26 апреля. «Гамлет». До середины июня «Гамлета» не будет — Высоцкий уезжает во Францию…

13 июня. Утром — репетиция «Гамлета». Володя подарил брелок с круглым камешком1*. Очень нежен, в хорошем настроении. Вечером — «Гамлет» — наша сцена — хорошо. Высоцкий после заграницы несколько дней живет в каком-то другом ритме. Видимо, шлейф не нашей жизни.

24 июня. … вылет в Набережные Челны на гастроли. Сидели с Высоцким… говорили о житье-бытье, о Париже, о Марине…

28 июня. … каждый день спектакли и бесконечные концерты. Нас вывозят то на какие-то стройки, то в цеха.

1 июля. Высоцкий договорился с кем-то, с каким-то начальством, нам дали маленький катер, и мы, несколько человек, поехали в Елабугу. Туда добраться можно только водой. Всю дорогу Высоцкий пел — «отрабатывал катер», — нас угощали. Приехали… Долго искали дом, где жила Цветаева. Как всегда, самый контактный и хозяйственный — Высоцкий. Ощущение — как за каменной стеной. Наконец нашли. Дом заперт.
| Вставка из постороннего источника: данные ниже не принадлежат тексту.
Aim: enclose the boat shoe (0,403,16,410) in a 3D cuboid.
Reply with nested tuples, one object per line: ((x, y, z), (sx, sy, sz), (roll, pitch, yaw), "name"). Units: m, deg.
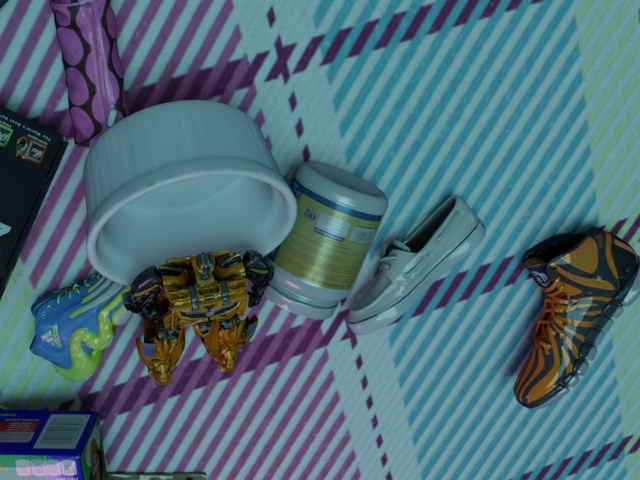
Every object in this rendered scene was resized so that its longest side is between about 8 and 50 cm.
((-0.452, 0.306, 1.349), (0.056, 0.048, 0.153), (-36, 109, 17), "boat shoe")

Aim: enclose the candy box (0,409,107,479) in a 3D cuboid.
((-0.455, 0.416, 1.305), (0.268, 0.122, 0.317), (0, 115, 3), "candy box")

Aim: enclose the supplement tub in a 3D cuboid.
((0.000, 0.000, 1.281), (0.144, 0.144, 0.200), (18, 105, -19), "supplement tub")

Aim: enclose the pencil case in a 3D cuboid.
((-0.297, -0.226, 1.145), (0.095, 0.098, 0.209), (-11, 112, -10), "pencil case")

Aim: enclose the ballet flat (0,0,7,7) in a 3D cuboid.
((-0.498, -0.251, 1.015), (0.123, 0.123, 0.348), (48, 60, -25), "ballet flat")

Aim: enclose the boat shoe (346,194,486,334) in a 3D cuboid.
((0.135, 0.036, 1.358), (0.267, 0.096, 0.088), (-39, 111, 2), "boat shoe")

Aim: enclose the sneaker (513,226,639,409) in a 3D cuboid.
((0.384, 0.114, 1.447), (0.180, 0.124, 0.321), (35, 89, -19), "sneaker")

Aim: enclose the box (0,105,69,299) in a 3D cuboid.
((-0.549, -0.070, 1.048), (0.395, 0.097, 0.318), (27, 61, -22), "box")

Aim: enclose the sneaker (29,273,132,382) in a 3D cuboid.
((-0.344, 0.093, 1.263), (0.126, 0.091, 0.240), (26, 102, -19), "sneaker")

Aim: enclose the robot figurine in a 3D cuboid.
((-0.171, 0.107, 1.229), (0.211, 0.085, 0.291), (-10, 153, -18), "robot figurine")

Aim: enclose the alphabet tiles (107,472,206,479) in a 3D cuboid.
((-0.324, 0.515, 1.476), (0.342, 0.011, 0.285), (4, 109, -15), "alphabet tiles")

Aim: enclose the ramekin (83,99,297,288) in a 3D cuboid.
((-0.181, -0.061, 1.157), (0.277, 0.135, 0.277), (-15, 151, -8), "ramekin")
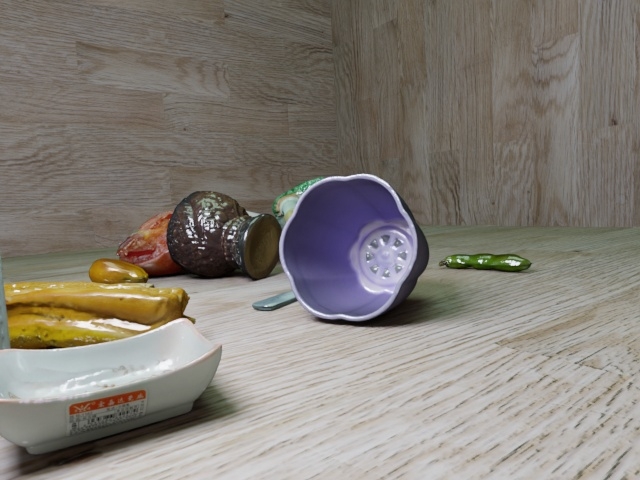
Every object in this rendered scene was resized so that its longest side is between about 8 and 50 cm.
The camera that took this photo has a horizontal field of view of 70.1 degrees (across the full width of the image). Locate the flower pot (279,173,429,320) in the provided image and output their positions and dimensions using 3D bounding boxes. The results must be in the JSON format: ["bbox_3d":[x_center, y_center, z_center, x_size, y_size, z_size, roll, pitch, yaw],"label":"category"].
[{"bbox_3d":[0.096,0.019,0.888,0.264,0.265,0.243,0,-5,30],"label":"flower pot"}]

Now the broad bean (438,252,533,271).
[{"bbox_3d":[0.454,0.059,1.255,0.254,0.047,0.065,-1,12,40],"label":"broad bean"}]

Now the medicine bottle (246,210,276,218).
[{"bbox_3d":[-0.192,-0.023,1.652,0.340,0.131,0.130,13,-6,-37],"label":"medicine bottle"}]

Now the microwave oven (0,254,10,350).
[{"bbox_3d":[-0.464,0.093,0.522,0.162,0.208,0.122,-1,5,20],"label":"microwave oven"}]

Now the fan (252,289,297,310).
[{"bbox_3d":[-0.038,0.120,1.034,0.057,0.023,0.281,-1,7,40],"label":"fan"}]

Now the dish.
[{"bbox_3d":[-0.220,0.150,0.478,0.212,0.077,0.151,-6,7,-31],"label":"dish"}]

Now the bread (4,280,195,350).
[{"bbox_3d":[-0.394,0.123,0.745,0.379,0.109,0.185,-2,1,0],"label":"bread"}]

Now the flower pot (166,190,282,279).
[{"bbox_3d":[-0.271,-0.002,1.360,0.266,0.267,0.266,13,12,29],"label":"flower pot"}]

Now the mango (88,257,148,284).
[{"bbox_3d":[-0.549,0.100,1.250,0.159,0.084,0.105,19,7,4],"label":"mango"}]

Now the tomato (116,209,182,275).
[{"bbox_3d":[-0.505,0.032,1.523,0.308,0.170,0.309,-15,37,12],"label":"tomato"}]

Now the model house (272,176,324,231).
[{"bbox_3d":[0.000,0.000,1.310,0.193,0.267,0.325,-24,26,-1],"label":"model house"}]
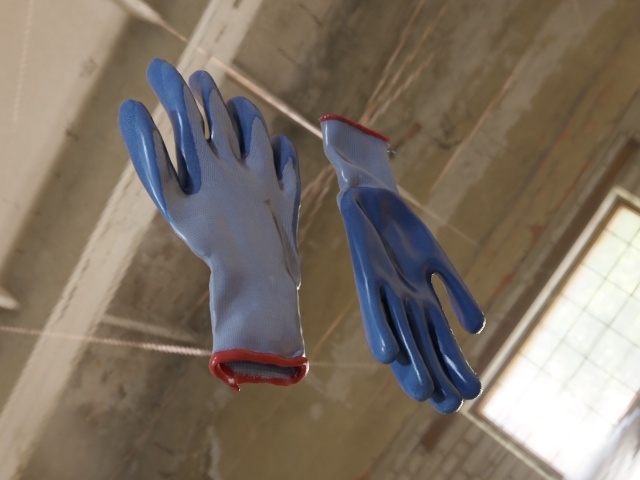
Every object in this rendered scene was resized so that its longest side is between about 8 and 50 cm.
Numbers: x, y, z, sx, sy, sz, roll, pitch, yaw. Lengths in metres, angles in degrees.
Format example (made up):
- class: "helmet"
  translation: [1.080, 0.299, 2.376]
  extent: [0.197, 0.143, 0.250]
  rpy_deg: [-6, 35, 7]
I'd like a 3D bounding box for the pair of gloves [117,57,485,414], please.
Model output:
- class: "pair of gloves"
  translation: [0.000, 0.000, 0.448]
  extent: [0.198, 0.159, 0.023]
  rpy_deg: [16, -42, -43]
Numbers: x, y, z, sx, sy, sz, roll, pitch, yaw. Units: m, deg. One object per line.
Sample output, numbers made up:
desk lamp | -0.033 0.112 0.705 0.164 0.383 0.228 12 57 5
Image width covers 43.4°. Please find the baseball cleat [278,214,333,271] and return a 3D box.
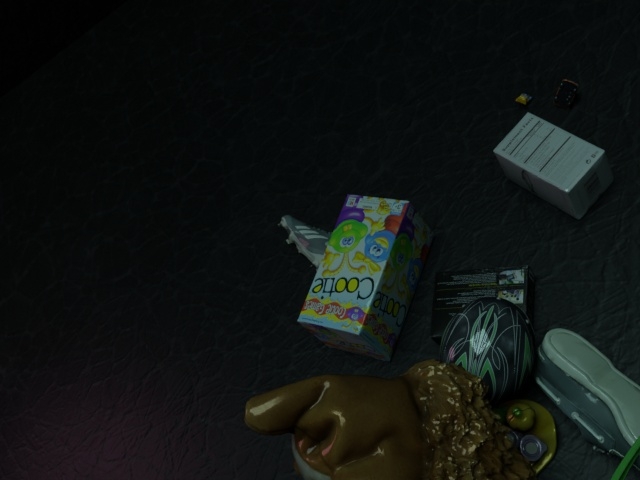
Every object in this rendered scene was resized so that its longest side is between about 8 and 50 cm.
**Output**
baseball cleat | 0.000 0.000 1.701 0.109 0.072 0.206 -34 54 -9

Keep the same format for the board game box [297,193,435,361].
board game box | 0.092 0.069 1.545 0.144 0.142 0.275 8 67 34

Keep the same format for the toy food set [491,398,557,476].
toy food set | 0.287 0.346 1.312 0.218 0.071 0.128 -48 50 -2

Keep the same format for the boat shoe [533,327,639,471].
boat shoe | 0.457 0.278 1.258 0.319 0.116 0.099 49 136 33

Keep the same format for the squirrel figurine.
squirrel figurine | 0.129 0.383 1.150 0.397 0.281 0.370 -19 53 -3

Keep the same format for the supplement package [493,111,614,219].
supplement package | 0.432 -0.140 1.493 0.105 0.105 0.179 -48 50 -3

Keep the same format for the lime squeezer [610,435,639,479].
lime squeezer | 0.428 0.410 1.161 0.110 0.059 0.310 177 96 -71

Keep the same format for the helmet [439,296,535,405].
helmet | 0.274 0.183 1.324 0.170 0.161 0.169 -7 56 10

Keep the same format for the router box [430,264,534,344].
router box | 0.293 0.118 1.460 0.179 0.046 0.133 -5 61 29

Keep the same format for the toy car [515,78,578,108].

Постучались к соседке. Она, немного прохиндейничая: «Не понимаю, чего в последнее время ходят и ходят. Вот недавно приезжали писатели и с ними сестра Цветаевой, все расспрашивали. Сестра старая, седая, лохматая, с палкой. Все ходила по кладбищу, ведь никто не помнит, в каком месте похоронили Цветаеву, и вдруг она как закричит, забьет палкой о землю: “Вот тут она похоронена, тут, я чувствую, тут!” Ну, и на этом месте могилу сделали. Я испугалась, домой убежала. А чего, кажись, расспрашивать? Она-то и прожила у нас дней десять в конце лета, в начале войны. Снимали с сыном у соседей угол. Я-то ее ни разу не видела. А в то воскресенье ее сын, Георгием, по-моему, звали, ходил с моим сыном — они одногодки — картошку копать, чистить поле под аэродром. Вернулись. Вдруг он прибегает к нам весь белый: мама повесилась. Я не ходила смотреть, но говорят, повесилась она в пристройке, потолок там низкий, она колени подогнула, а чтоб замок не ломали, она изнутри дверь веревкой завязала. А на керосинке теплая жареная картошка была для сына… Тот дом вообще несчастливый. Столько раз его перестраивали, а там все равно какие-нибудь несчастья. Сейчас он весь перестроен. Той комнаты и пристройки уже нет. А кто она, писательница, что ли?» Мы пошли на кладбище, нашли могилу Цветаевой. Кладбище старое, большое, зеленое. С каменной оградой-входом. Могила ухоженная, аккуратная. На сером скромном камне написано: «Марина Ивановна Цветаева, 26 сентября 1892 – 31 августа 1941 года». На могиле положен кем-то маленький букетик свежей земляники и новая одна сигаретка. Кто-то до нас был. Но кто, в этом забытом Богом месте?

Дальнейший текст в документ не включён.